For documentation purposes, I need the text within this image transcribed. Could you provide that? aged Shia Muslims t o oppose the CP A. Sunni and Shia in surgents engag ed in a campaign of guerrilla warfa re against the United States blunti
--
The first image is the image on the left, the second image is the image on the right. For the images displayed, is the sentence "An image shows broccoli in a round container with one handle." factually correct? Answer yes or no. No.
---
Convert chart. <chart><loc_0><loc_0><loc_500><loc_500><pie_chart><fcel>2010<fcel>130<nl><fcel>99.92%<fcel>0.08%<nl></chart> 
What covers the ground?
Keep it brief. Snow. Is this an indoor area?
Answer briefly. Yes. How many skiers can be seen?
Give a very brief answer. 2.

What is required
Pull every line containing the word "this" out of the material and copy it.

Solution to the exercise
For documentation purposes, I need the text within this image transcribed. Could you provide that? aged Shia Muslims t o oppose the CP A. Sunni and Shia in surgents engag ed in a campaign of guerrilla warfa re against the United States blunti
Keep it brief. Snow. Is this an indoor area?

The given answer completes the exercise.